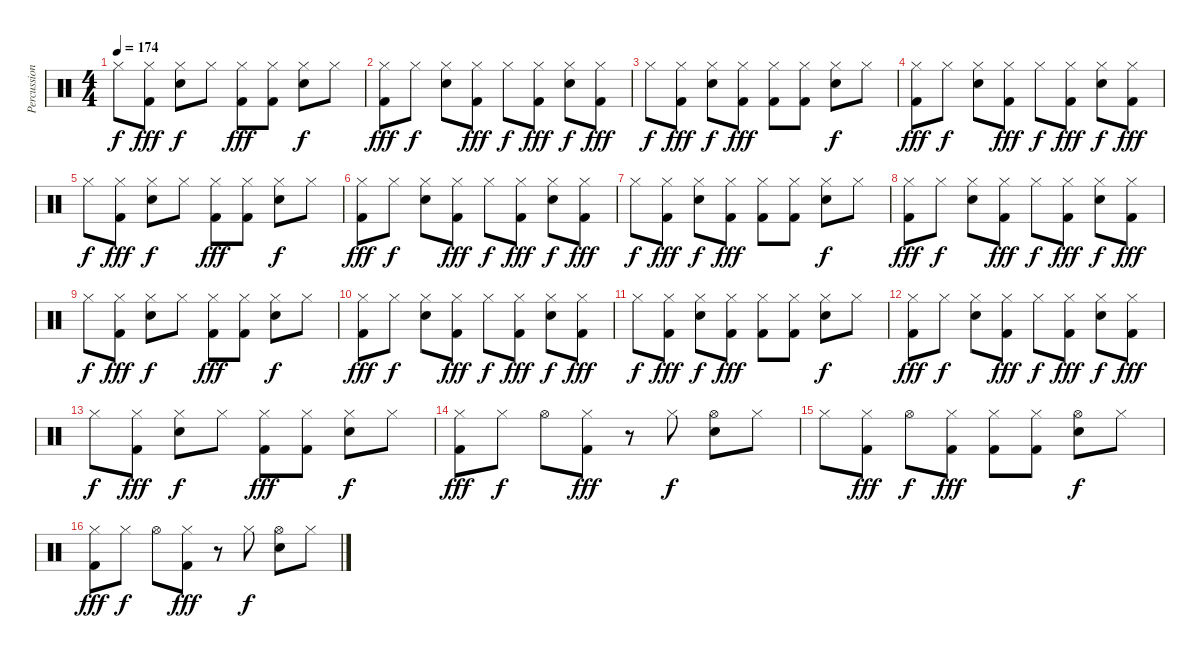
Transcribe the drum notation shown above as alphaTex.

\track ("Percussion" "Percussion") {instrument percussion}
\staff {score}
\articulation defaults
\ts (4 4)
\tempo 174
\clef neutral
\ks c "Hi-Hat (closed)".8{dy f}
("Hi-Hat (closed)" "Kick (hit) 2").8{dy fff} ("Hi-Hat (closed)" "Snare (hit) 2").8{dy f} "Hi-Hat (closed)".8 ("Hi-Hat (closed)" "Kick (hit) 2").8{dy fff} ("Hi-Hat (closed)" "Kick (hit) 2").8 ("Hi-Hat (closed)" "Snare (hit) 2").8{dy f} "Hi-Hat (closed)".8 |
("Hi-Hat (closed)" "Kick (hit) 2").8{dy fff} "Hi-Hat (closed)".8{dy f} ("Hi-Hat (closed)" "Snare (hit) 2").8 ("Hi-Hat (closed)" "Kick (hit) 2").8{dy fff} "Hi-Hat (closed)".8{dy f} ("Hi-Hat (closed)" "Kick (hit) 2").8{dy fff} ("Hi-Hat (closed)" "Snare (hit) 2").8{dy f} ("Hi-Hat (closed)" "Kick (hit) 2").8{dy fff} |
"Hi-Hat (closed)".8{dy f} ("Hi-Hat (closed)" "Kick (hit) 2").8{dy fff} ("Hi-Hat (closed)" "Snare (hit) 2").8{dy f} ("Hi-Hat (closed)" "Kick (hit) 2").8{dy fff} ("Hi-Hat (closed)" "Kick (hit) 2").8 ("Hi-Hat (closed)" "Kick (hit) 2").8 ("Hi-Hat (closed)" "Snare (hit) 2").8{dy f} "Hi-Hat (closed)".8 |
("Hi-Hat (closed)" "Kick (hit) 2").8{dy fff} "Hi-Hat (closed)".8{dy f} ("Hi-Hat (closed)" "Snare (hit) 2").8 ("Hi-Hat (closed)" "Kick (hit) 2").8{dy fff} "Hi-Hat (closed)".8{dy f} ("Hi-Hat (closed)" "Kick (hit) 2").8{dy fff} ("Hi-Hat (closed)" "Snare (hit) 2").8{dy f} ("Hi-Hat (closed)" "Kick (hit) 2").8{dy fff} |
"Hi-Hat (closed)".8{dy f} ("Hi-Hat (closed)" "Kick (hit) 2").8{dy fff} ("Hi-Hat (closed)" "Snare (hit) 2").8{dy f} "Hi-Hat (closed)".8 ("Hi-Hat (closed)" "Kick (hit) 2").8{dy fff} ("Hi-Hat (closed)" "Kick (hit) 2").8 ("Hi-Hat (closed)" "Snare (hit) 2").8{dy f} "Hi-Hat (closed)".8 |
("Hi-Hat (closed)" "Kick (hit) 2").8{dy fff} "Hi-Hat (closed)".8{dy f} ("Hi-Hat (closed)" "Snare (hit) 2").8 ("Hi-Hat (closed)" "Kick (hit) 2").8{dy fff} "Hi-Hat (closed)".8{dy f} ("Hi-Hat (closed)" "Kick (hit) 2").8{dy fff} ("Hi-Hat (closed)" "Snare (hit) 2").8{dy f} ("Hi-Hat (closed)" "Kick (hit) 2").8{dy fff} |
"Hi-Hat (closed)".8{dy f} ("Hi-Hat (closed)" "Kick (hit) 2").8{dy fff} ("Hi-Hat (closed)" "Snare (hit) 2").8{dy f} ("Hi-Hat (closed)" "Kick (hit) 2").8{dy fff} ("Hi-Hat (closed)" "Kick (hit) 2").8 ("Hi-Hat (closed)" "Kick (hit) 2").8 ("Hi-Hat (closed)" "Snare (hit) 2").8{dy f} "Hi-Hat (closed)".8 |
("Hi-Hat (closed)" "Kick (hit) 2").8{dy fff} "Hi-Hat (closed)".8{dy f} ("Hi-Hat (closed)" "Snare (hit) 2").8 ("Hi-Hat (closed)" "Kick (hit) 2").8{dy fff} "Hi-Hat (closed)".8{dy f} ("Hi-Hat (closed)" "Kick (hit) 2").8{dy fff} ("Hi-Hat (closed)" "Snare (hit) 2").8{dy f} ("Hi-Hat (closed)" "Kick (hit) 2").8{dy fff} |
"Hi-Hat (closed)".8{dy f} ("Hi-Hat (closed)" "Kick (hit) 2").8{dy fff} ("Hi-Hat (closed)" "Snare (hit) 2").8{dy f} "Hi-Hat (closed)".8 ("Hi-Hat (closed)" "Kick (hit) 2").8{dy fff} ("Hi-Hat (closed)" "Kick (hit) 2").8 ("Hi-Hat (closed)" "Snare (hit) 2").8{dy f} "Hi-Hat (closed)".8 |
("Hi-Hat (closed)" "Kick (hit) 2").8{dy fff} "Hi-Hat (closed)".8{dy f} ("Hi-Hat (closed)" "Snare (hit) 2").8 ("Hi-Hat (closed)" "Kick (hit) 2").8{dy fff} "Hi-Hat (closed)".8{dy f} ("Hi-Hat (closed)" "Kick (hit) 2").8{dy fff} ("Hi-Hat (closed)" "Snare (hit) 2").8{dy f} ("Hi-Hat (closed)" "Kick (hit) 2").8{dy fff} |
"Hi-Hat (closed)".8{dy f} ("Hi-Hat (closed)" "Kick (hit) 2").8{dy fff} ("Hi-Hat (closed)" "Snare (hit) 2").8{dy f} ("Hi-Hat (closed)" "Kick (hit) 2").8{dy fff} ("Hi-Hat (closed)" "Kick (hit) 2").8 ("Hi-Hat (closed)" "Kick (hit) 2").8 ("Hi-Hat (closed)" "Snare (hit) 2").8{dy f} "Hi-Hat (closed)".8 |
("Hi-Hat (closed)" "Kick (hit) 2").8{dy fff} "Hi-Hat (closed)".8{dy f} ("Hi-Hat (closed)" "Snare (hit) 2").8 ("Hi-Hat (closed)" "Kick (hit) 2").8{dy fff} "Hi-Hat (closed)".8{dy f} ("Hi-Hat (closed)" "Kick (hit) 2").8{dy fff} ("Hi-Hat (closed)" "Snare (hit) 2").8{dy f} ("Hi-Hat (closed)" "Kick (hit) 2").8{dy fff} |
"Hi-Hat (closed)".8{dy f} ("Hi-Hat (closed)" "Kick (hit) 2").8{dy fff} ("Hi-Hat (closed)" "Snare (hit) 2").8{dy f} "Hi-Hat (closed)".8 ("Hi-Hat (closed)" "Kick (hit) 2").8{dy fff} ("Hi-Hat (closed)" "Kick (hit) 2").8 ("Hi-Hat (closed)" "Snare (hit) 2").8{dy f} "Hi-Hat (closed)".8 |
("Hi-Hat (closed)" "Kick (hit) 2").8{dy fff} "Hi-Hat (closed)".8{dy f} "Hi-Hat (open)".8 ("Hi-Hat (closed)" "Kick (hit) 2").8{dy fff} r.8 "Hi-Hat (closed)".8{dy f} ("Hi-Hat (open)" "Snare (hit) 2").8 "Hi-Hat (closed)".8 |
"Hi-Hat (closed)".8 ("Hi-Hat (closed)" "Kick (hit) 2").8{dy fff} "Hi-Hat (open)".8{dy f} ("Hi-Hat (closed)" "Kick (hit) 2").8{dy fff} ("Hi-Hat (closed)" "Kick (hit) 2").8 ("Hi-Hat (closed)" "Kick (hit) 2").8 ("Hi-Hat (open)" "Snare (hit) 2").8{dy f} "Hi-Hat (closed)".8 |
("Hi-Hat (closed)" "Kick (hit) 2").8{dy fff} "Hi-Hat (closed)".8{dy f} "Hi-Hat (open)".8 ("Hi-Hat (closed)" "Kick (hit) 2").8{dy fff} r.8 "Hi-Hat (closed)".8{dy f} ("Hi-Hat (open)" "Snare (hit) 2").8 "Hi-Hat (closed)".8

• [EXERCISE DESCRIPTION]:
Extract all lines from the data in which "open" is found.

• [ANSWER SECTION]:
("Hi-Hat (closed)" "Kick (hit) 2").8{dy fff} "Hi-Hat (closed)".8{dy f} "Hi-Hat (open)".8 ("Hi-Hat (closed)" "Kick (hit) 2").8{dy fff} r.8 "Hi-Hat (closed)".8{dy f} ("Hi-Hat (open)" "Snare (hit) 2").8 "Hi-Hat (closed)".8 |
"Hi-Hat (closed)".8 ("Hi-Hat (closed)" "Kick (hit) 2").8{dy fff} "Hi-Hat (open)".8{dy f} ("Hi-Hat (closed)" "Kick (hit) 2").8{dy fff} ("Hi-Hat (closed)" "Kick (hit) 2").8 ("Hi-Hat (closed)" "Kick (hit) 2").8 ("Hi-Hat (open)" "Snare (hit) 2").8{dy f} "Hi-Hat (closed)".8 |
("Hi-Hat (closed)" "Kick (hit) 2").8{dy fff} "Hi-Hat (closed)".8{dy f} "Hi-Hat (open)".8 ("Hi-Hat (closed)" "Kick (hit) 2").8{dy fff} r.8 "Hi-Hat (closed)".8{dy f} ("Hi-Hat (open)" "Snare (hit) 2").8 "Hi-Hat (closed)".8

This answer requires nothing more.